We have put together a sample CodaLab competition that you can use as a starting point for your task’s competition: https://github.com/bethard/semeval-codalab
Example Competition on CodaLab for Emotion Intensity: https://competitions.codalab.org/competitions/16380
The code can be found here: https://github.com/felipebravom/EmoInt/tree/master/codalab
Example Competition on CodaLab for Clinical TempEval:
https://competitions.codalab.org/competitions/15621
The code can be found here: https://github.com/bethard/clinical-tempeval
Post your questions and issues on CodaLab here:
https://github.com/codalab/codalab-competitions/issues
Search first to see if a similar question has already been asked and answered.
You can also post your questions to the semeval-task-organizers@googlegroups.com mailing group where other task organizers and semeval organizers might be of help.

Important Notes:

Experiment with the testing version of Codalab before uploading an official competition: https://competitions-test.codalab.org/
Create only a single CodaLab competition, even if you have multiple subtasks.

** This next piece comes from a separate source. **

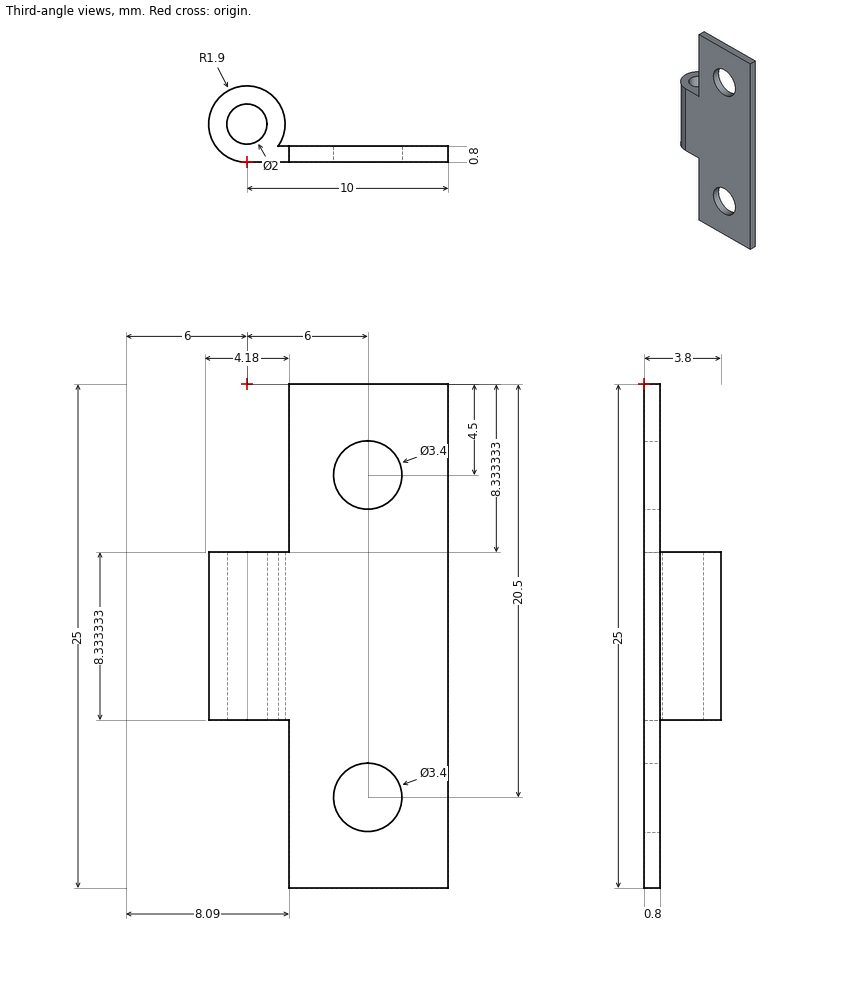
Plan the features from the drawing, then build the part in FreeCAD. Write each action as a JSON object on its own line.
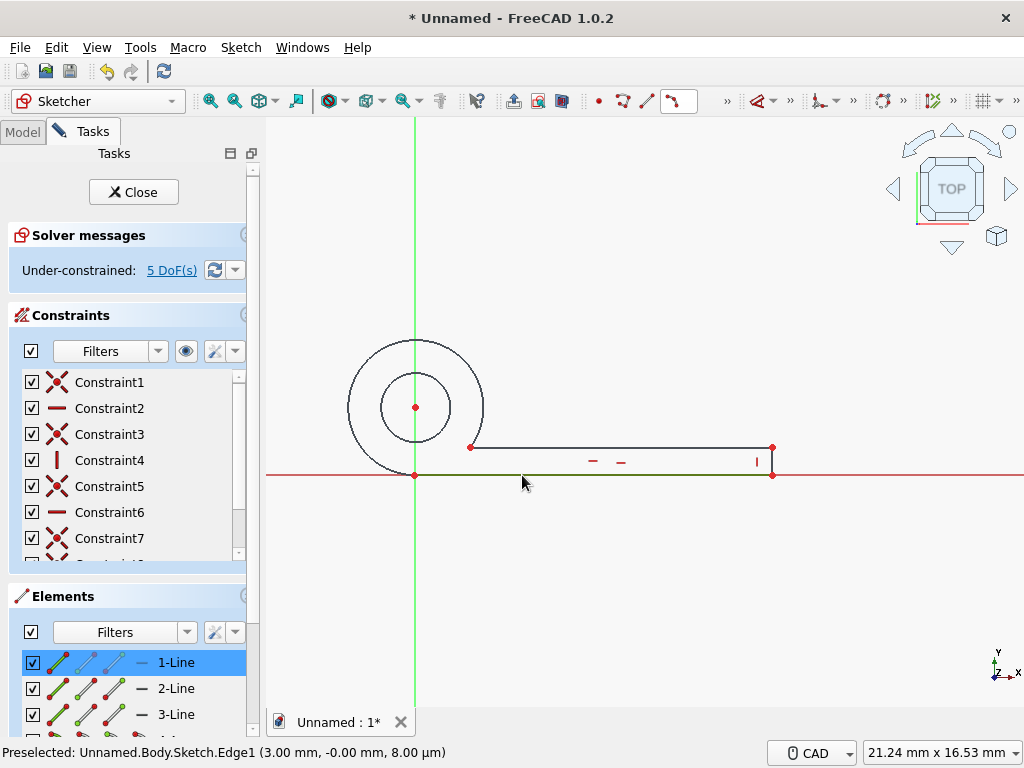
{"action": "left_click", "coordinate": [454, 352]}

Multiple CodaLab competitions solve very few problems and make things more complicated.
- If you have multiple subtasks, define a submission file format that is the same regardless of how many subtasks someone participants in.
- If you have multiple subtasks, your evaluation script will have to handle cases where a participant makes submissions for only one or some subtasks.
Ensure that your CodaLab competition defines a detailed overview.html, data.html, and evaluation.html. These are the key documentation for your task, and what potential participants will be looking at.
While the CodaLab browser-based interface can update many parts of a competition, there are several known circumstances where the only way to modify part of a CodaLab competition is to delete and recreate it, uploading a new competition.yaml, etc. Some such circumstances are:
- Adding or removing .html files from the CodaLab website
- Modifying the leaderboard (e.g., adding new evaluation metrics)
- Adding a new phase (if done via the browser-based interface leaderboards will not display)
Make sure your evaluation script throws errors (and exits with an error status) for all formatting issues you are able to detect in system submissions. This will ensure that ill-formatted submissions do not count against a participant’s submission limit.
- A very common error is for participants to include an extra subdirectory in their submission. Please make sure your evaluation script detects and handles this error.
Consider setting up at least the following three phases for your competition:
- Practice phase:
  - Runs from now until 10 Jan 2020
  - Uses the official evaluation script, but on the trial data
  - Set maximum submissions to something high like 999
  - Make the leaderboard public
  - Allows participants to check their formatting
- Evaluation phase:
  - Runs from 10 Jan until 31 Jan 2020 or some subset, if your competition is shorter
  - Uses the official evaluation script and the official test data
  - Set maximum submissions to a number less than or equal to 10. If the number is greater than 1, a suggested option is to tell the participants that only their final valid submission on CodaLab will be taken as the official submission to the competition. The participants can still describe contrastive runs in their system paper. If you choose to accept more than one official submission per team, then you will have to look for the other submissions in the 'submissions' tab (the leaderboard only shows the latest valid submission).
  - Hide the leaderboard (leaderboard_management_mode: hide_results)
  - Determines the official leaderboard rankings for SemEval
  - At the end of the evaluation period, make a copy of the leaderboard and save it as backup in case the leaderboard gets updated (especially needed if you have not set up a post-evaluation phase)
- Post-Evaluation phase:
  - Runs from 31 Jan (or earlier, if your evaluation length is shorter than the maximum allowed time)
  - Uses the official evaluation script and the official test data
  - Enable “Auto migration” of submissions from Evaluation phase to this phase
  - Set maximum submissions to something high like 999
  - Make the leaderboard public
  - Allows participants to score “contrastive runs” that can be included as part of the analysis in system description papers. Also allows scoring of future systems interested in the task beyond SemEval 2020
  - At most one submission for each participant can be displayed on the leaderboard.
Participants must click the Submit to Leaderboard button underneath one of their submissions to display those results on the leaderboard. (Task organizers may override the participants using the “SHOW” setting on the “Submissions” page.)
If you choose to allow more than 1 submission in your phases, organizers can see all submissions in the ‘Admin Features’ -> ‘Submissions’ tab.
If you choose to allow more than 1 submission, it is especially important to consider hiding the leaderboard during the Test phase to prevent participants from making a large number of submissions, viewing their results, and then choosing the best to place on the leaderboard (i.e., tuning to the test data).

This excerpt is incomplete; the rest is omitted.